The Soviet raw material export until the very end, which means the last train convoy passed the frontier on the night of June 21st, were important enough for Germany to maintain civil and war economies between 1939 and 1941

But this answer hides some counterpoints.

Soviet aid to Nazi Germany's army

Soviet aid to Nazi Germany, for various reasons, ranged wide. It came as a consequence of the aid to the Weimar Republic, and was maintained because on one hand, Stalin wanted to avoid provocations to Hitler, and on the other hand several events (notably Allied political support to Poland prior 1939 and the Winter War) put the Western Allies as adversaries to USSR.

It ranged wide with multiple forms as Soviet Union was:

  • Offering hidden training grounds for the German army, especially illegal (regarding Versailles Treaty) armored units
  • Offering energy resources, especially crude oil
  • Offering many raw materials. This was not anormal since USSR's economy was largely based on raw material exports (wood, iron, coal...) and since Germany was highly industrialized

Now, what did this bring to Germany?

This help was very important but it was quite "normal" that the USSR was the seller and Germany the buyer, given the resources of both countries. But had the USSR blocked its own exports and blockade Germany (which means forbidding transports to Germany through its territory) then Germany would have been, between 1939 and 1941, totally blockaded from the rest of the world. This would have forced her to pass in the war economy she had lately adopted.

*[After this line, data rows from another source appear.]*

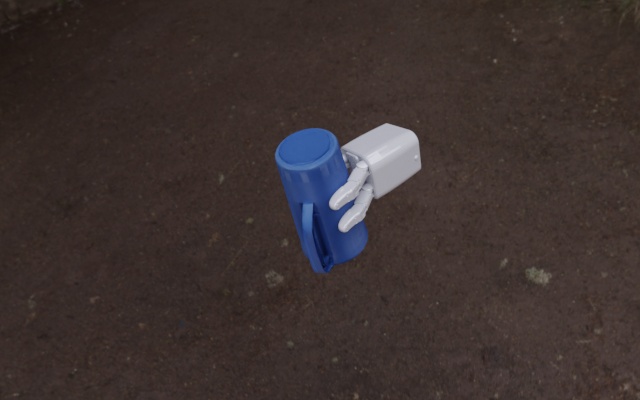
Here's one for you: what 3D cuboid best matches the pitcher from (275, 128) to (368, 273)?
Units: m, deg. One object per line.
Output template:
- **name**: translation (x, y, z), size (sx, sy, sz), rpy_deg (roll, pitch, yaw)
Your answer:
- **pitcher**: translation (0.000, 0.003, 0.853), size (0.145, 0.243, 0.149), rpy_deg (-31, 44, -13)
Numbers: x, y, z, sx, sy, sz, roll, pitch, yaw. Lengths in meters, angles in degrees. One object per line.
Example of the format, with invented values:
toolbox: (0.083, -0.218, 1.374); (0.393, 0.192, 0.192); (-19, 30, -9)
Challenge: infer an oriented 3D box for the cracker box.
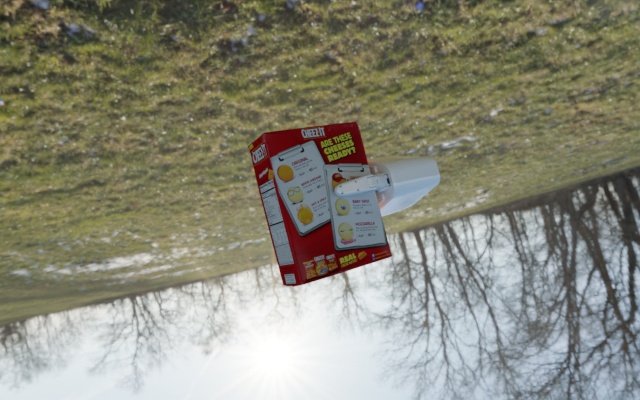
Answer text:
cracker box: (0.000, 0.002, 0.705); (0.164, 0.213, 0.072); (-12, -4, -32)
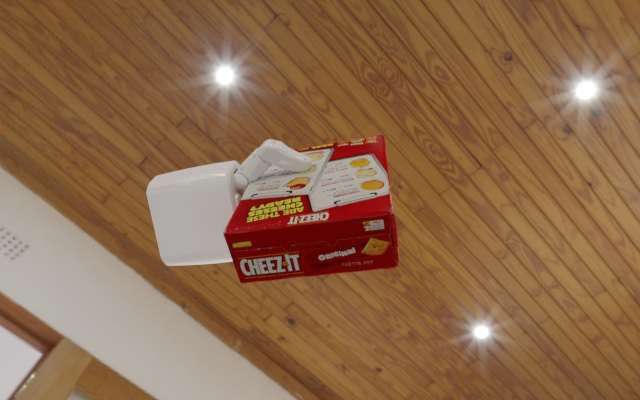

Still, during the early war period, the success of Germany were based on a continuum of tactical victories and an army maintained with a certain level of hardware replacement. USSR help had fed prior, to 1939, the German army that attacked France, UK, Scandinavia or Greece. But between 1939 and 1941, the most important consequence of this help was that it allowed the Germans to re-built and reinforce their Wehrmacht, up to the point of attacking Soviet Union.

Some uchrony

The above directly means that, had the USSR blockaded Germany in 1939, operation Barbarossa might not have happened because the Wehrmacht would have had to have kept a defensive stance because of the lack of oil and materials to built vehicles, and even a lack of agricultural products to feed horses.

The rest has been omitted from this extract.